_WORK ORDER_
Search the material below for the string "from" and extract each line that has it.

_RECORD SET_
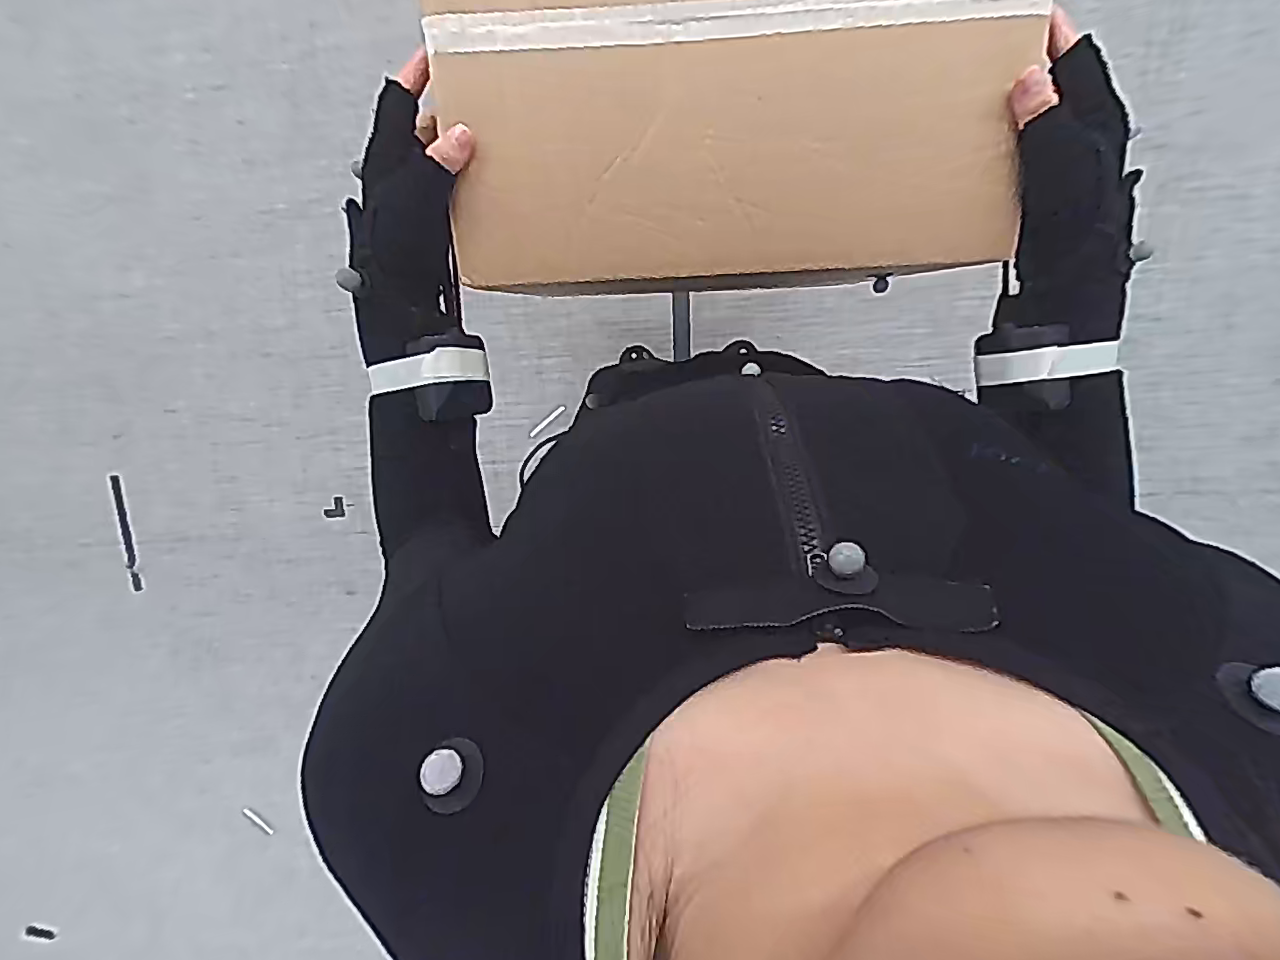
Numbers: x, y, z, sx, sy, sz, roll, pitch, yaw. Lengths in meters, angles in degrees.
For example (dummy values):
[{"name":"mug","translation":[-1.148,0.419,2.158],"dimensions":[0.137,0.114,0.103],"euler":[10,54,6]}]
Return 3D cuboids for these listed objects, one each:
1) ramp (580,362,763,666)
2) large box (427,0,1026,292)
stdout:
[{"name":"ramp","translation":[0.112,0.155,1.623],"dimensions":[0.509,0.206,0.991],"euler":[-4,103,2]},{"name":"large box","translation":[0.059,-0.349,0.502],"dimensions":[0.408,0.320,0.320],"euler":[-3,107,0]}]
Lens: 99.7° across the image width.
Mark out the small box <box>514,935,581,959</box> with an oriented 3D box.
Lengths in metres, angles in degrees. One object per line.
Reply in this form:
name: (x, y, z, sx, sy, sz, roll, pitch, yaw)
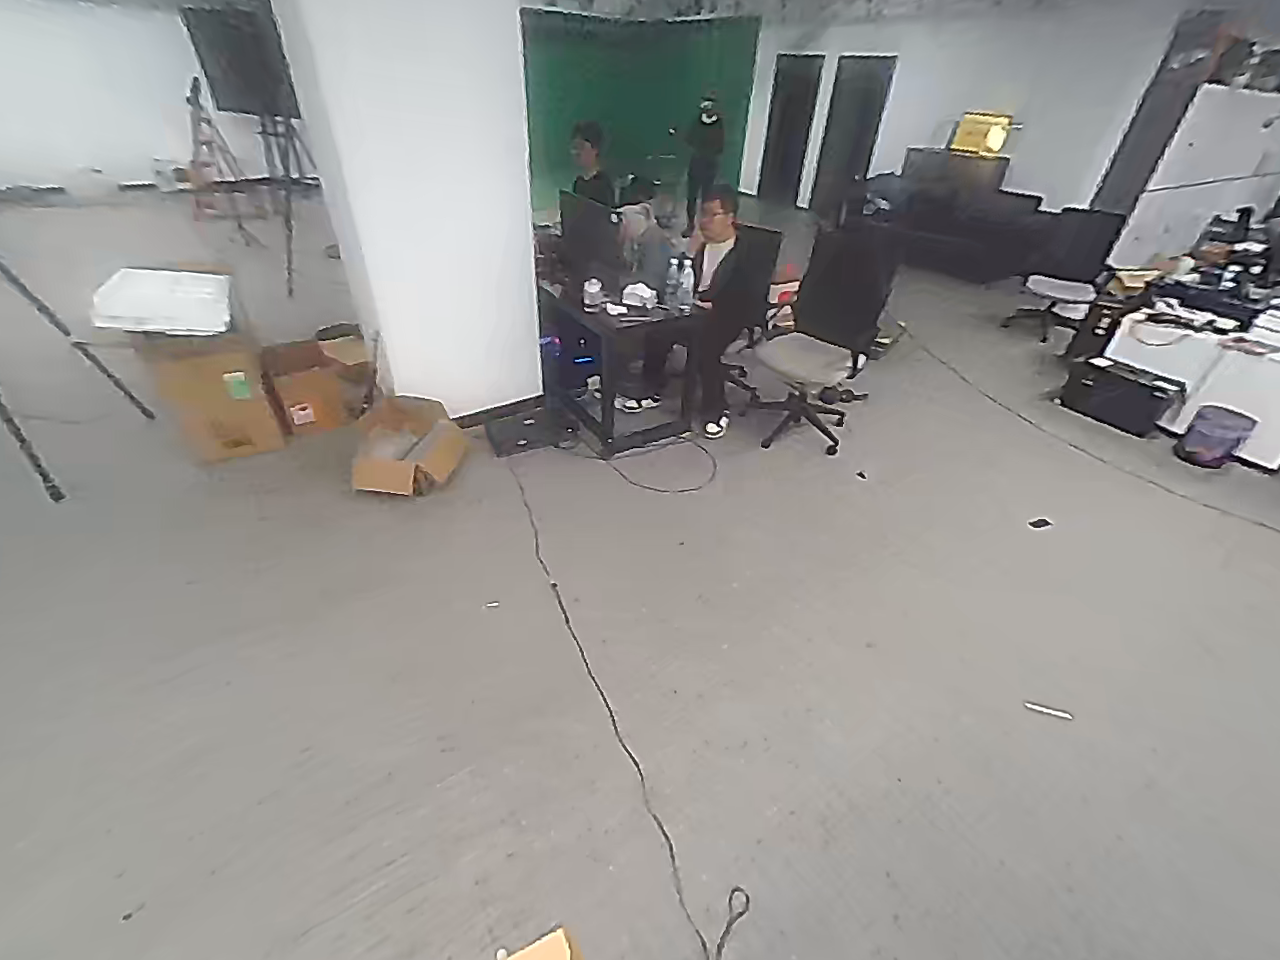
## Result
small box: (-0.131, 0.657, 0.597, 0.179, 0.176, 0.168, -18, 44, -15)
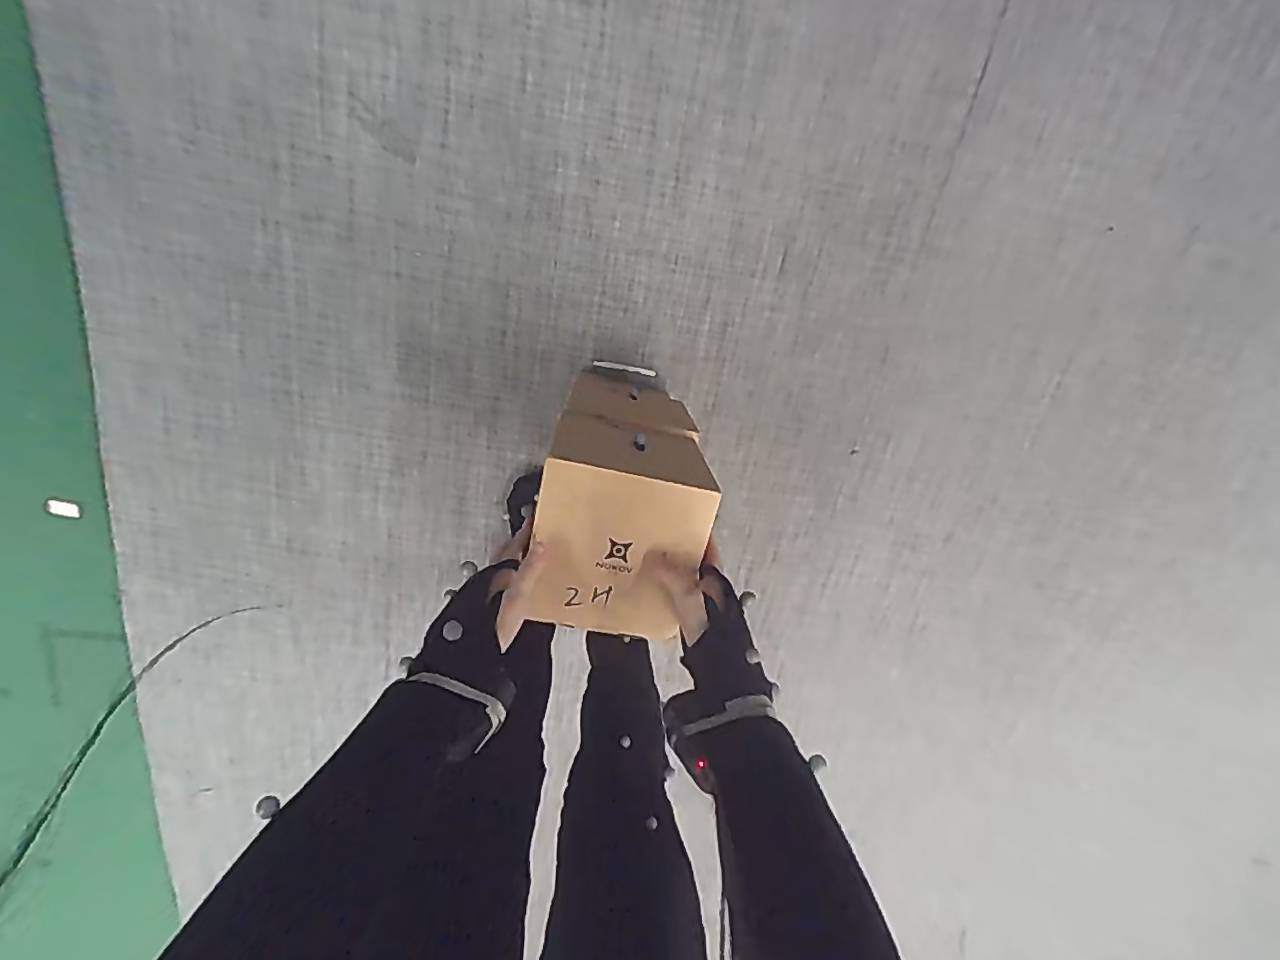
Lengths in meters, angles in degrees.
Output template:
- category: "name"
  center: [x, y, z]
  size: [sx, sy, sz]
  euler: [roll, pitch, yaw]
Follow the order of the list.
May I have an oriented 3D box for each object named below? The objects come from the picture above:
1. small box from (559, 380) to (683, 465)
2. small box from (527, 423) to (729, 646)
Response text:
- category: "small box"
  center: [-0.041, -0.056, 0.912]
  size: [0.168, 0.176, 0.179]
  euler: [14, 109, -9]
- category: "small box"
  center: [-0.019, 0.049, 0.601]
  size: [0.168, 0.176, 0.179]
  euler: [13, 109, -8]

_RESPONSE AREA_
May I have an oriented 3D box for each object named below? The objects come from the picture above:
1. small box from (559, 380) to (683, 465)
2. small box from (527, 423) to (729, 646)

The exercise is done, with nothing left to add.